Hollywood’s long affair with James A. Michener, the World War II Navy veteran whose “Tales of the South Pacific” launched a Pulitzer-prize winning literary career, began with a sort of proof-of-concept film.

Long before the musical “South Pacific,” United Artists, Gary Cooper, director Mark Robson and a Technicolor film crew decamped to Upolu, Samoa, for a sentimental saga of sin, race and religious fascism set just before and during World War II on a “paradise” that had been spoiled by dictatorial Christian missionaries.

“Return to Paradise” may raise eyebrows today for casting the 50something Cooper as a drifter who washes up on an island where the stereotypical simple happy natives are under the thumb of a martinet of a second generation missionary (Barry Jones). Yes, the star was a bit old to be playing this sort of beach bum/vagabond, and pairing him up with a native girl (Roberta Haynes) half his age has a cringey quality.

But the film, taken from one of the “Return to Paradise” stories of the author of “Tales of the South Pacific,” and later “Hawaii,” packs a lot of code-challenging and societal mores-testing into its 100 or so minutes.

Natives returning to their pre-missionary social norms of skinny dipping and premarital sex, the drifter fathering a child out of wedlock, conservative church authority ridiculed for the Return to Puritanism that it was could be pretty racy stuff pre-“Peyton Place,” and feels closer in tone to pre-code films such as the notorious and oft-adapted “Rain.”

Film buffs may recall that that the race to deflower a virgin “romance” “The Moon is Blue” also came out in 1953, so the stodgy ’50s of lore had more of a blush to them than is commonly accepted.

A young adult schoolteacher (Hans Kruse) narrates the story, his memories of growing up in the early 1930s on Matareva, “an island in chains.”

The autocratic missionary Corbett took over running the church and the island when his father died. Whatever benevolence the original Christian immigrants, his parents, might have displayed has been replaced by a man who figures mandatory church services, curfews, clothing and moral codes are the quickest way to salvation, order and progress.

Which is why he enforces these with club-carrying goons he’s deputized to ensure everybody shows up for his prim fire-and-brimstone sermons.

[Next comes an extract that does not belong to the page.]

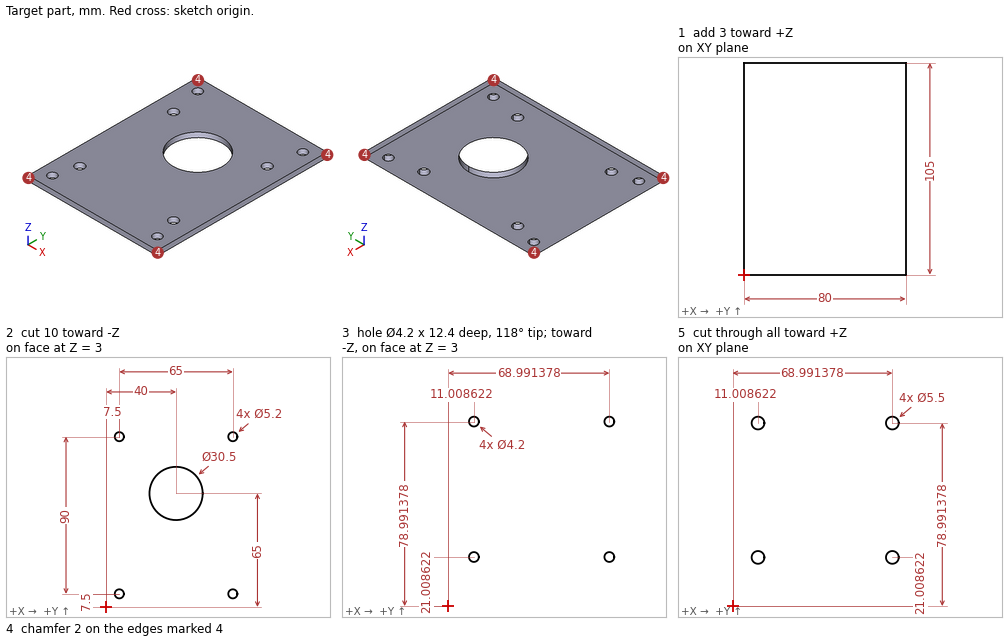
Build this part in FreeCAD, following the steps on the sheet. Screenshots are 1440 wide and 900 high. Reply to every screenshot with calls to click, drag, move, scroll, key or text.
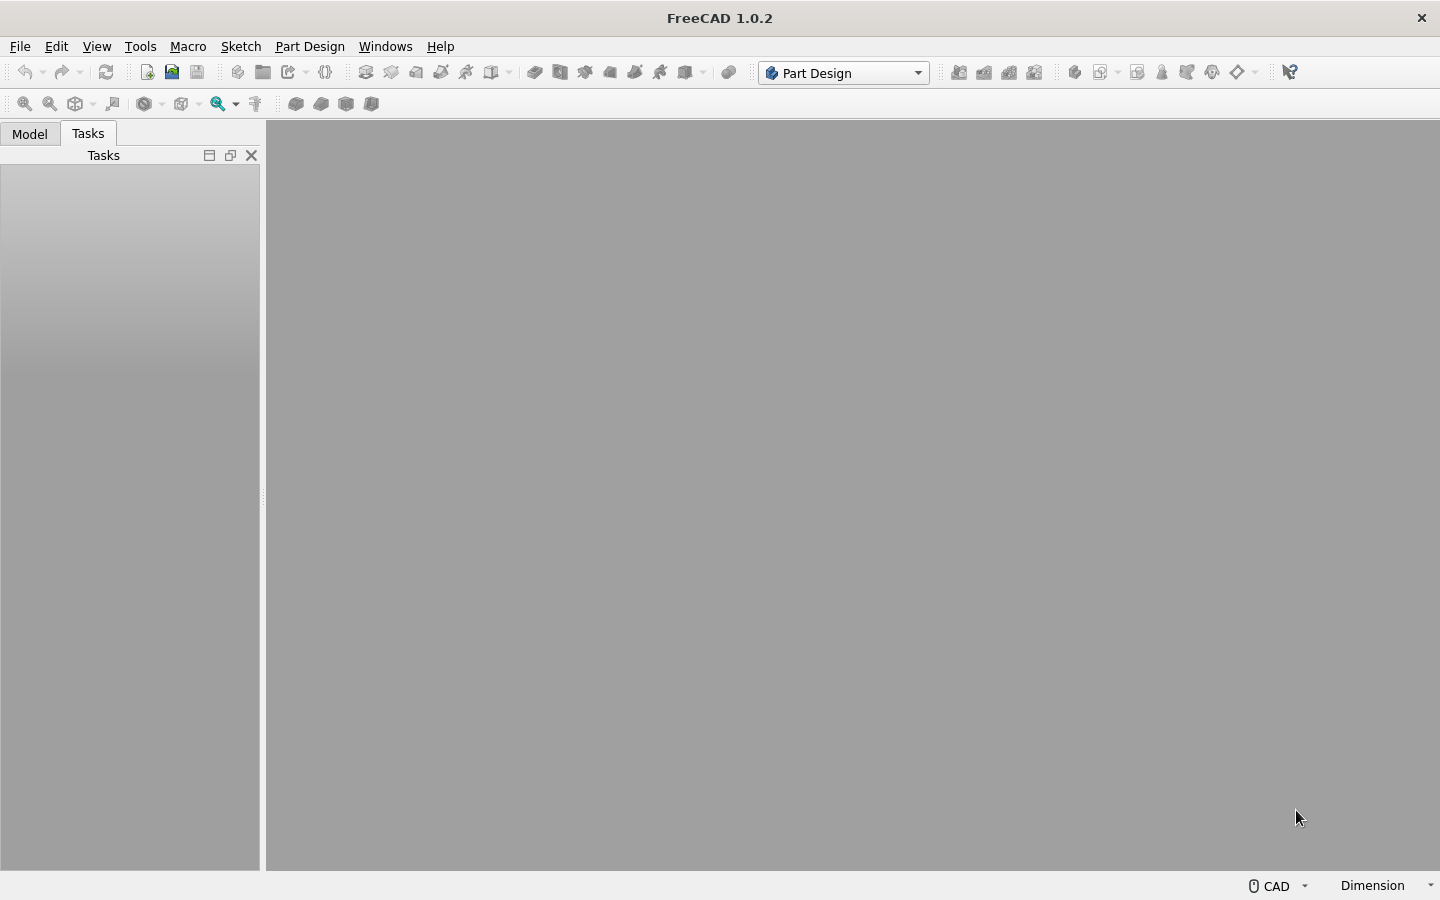
click(147, 72)

Morgan (Cooper) is dropped off after hitching a lift from sailors who rescued him from another vessel that foundered. His laconic “I figured I’d try it for a while” view of staying is instantly challenged by Corbett, who is tone-deaf to the hypocrisy of his “White men are not welcome on this island” outrage. “They corrupt their (the natives) morals!”

Morgan isn’t having it, and brushes off the endless provocations of this “two bit Mussolini” and commences to pick a spot to slap up a hut. Just enough of the islanders sympathize with him, and recognize the needed challenge to Christo-fascism that he represents, to back him up.

When Morgan is attacked, the towering American fights back. He hasn’t hoboed for decades without learning how to throw a punch.

And thus the war of wills is joined, and the rebellious island girl Maeva (Haynes, actually 25 when this was filmed) is smitten.

The story’s parameters are set, with only Morgan’s itchy refusal to commit — to the island, long term, to Maeva, even though he sticks around after getting her pregnant — with only the clumsily-inserted coming war to replace the conflict that really drives the piece, the “infidel” Morgan vs. Corbett and his goons.

There’s a pleasant but trite change-of-heart when Morgan returns to the island years later, during World War II, and finds himself trying to protect the virtue of his daughter (Moira Walker) from on-the-make servicemen who can’t help but remind him of himself.

Even a writer as enlightened for his times as Michener couldn’t avoid bits of “white man’s burden” in his story, “Mr. Morgan,” and the movie make no bones about this. The natives have “lost our strength,” and only the manly Morgan can bring back its memory. There’s a patronizing “Lord Jim” in this Kipling-esque view of the white savior helping those simple, happy natives.

But the film’s early acts, with its conflict between totalitarian moral authority and “an infidel,” still play and pop off the screen. Cooper does his best not to show his age, and summon up a little of the “Aw shucks” of “Mr. Deeds Goes to Town” or “Sergeant York” to play this fellow who just wants “to be left alone.”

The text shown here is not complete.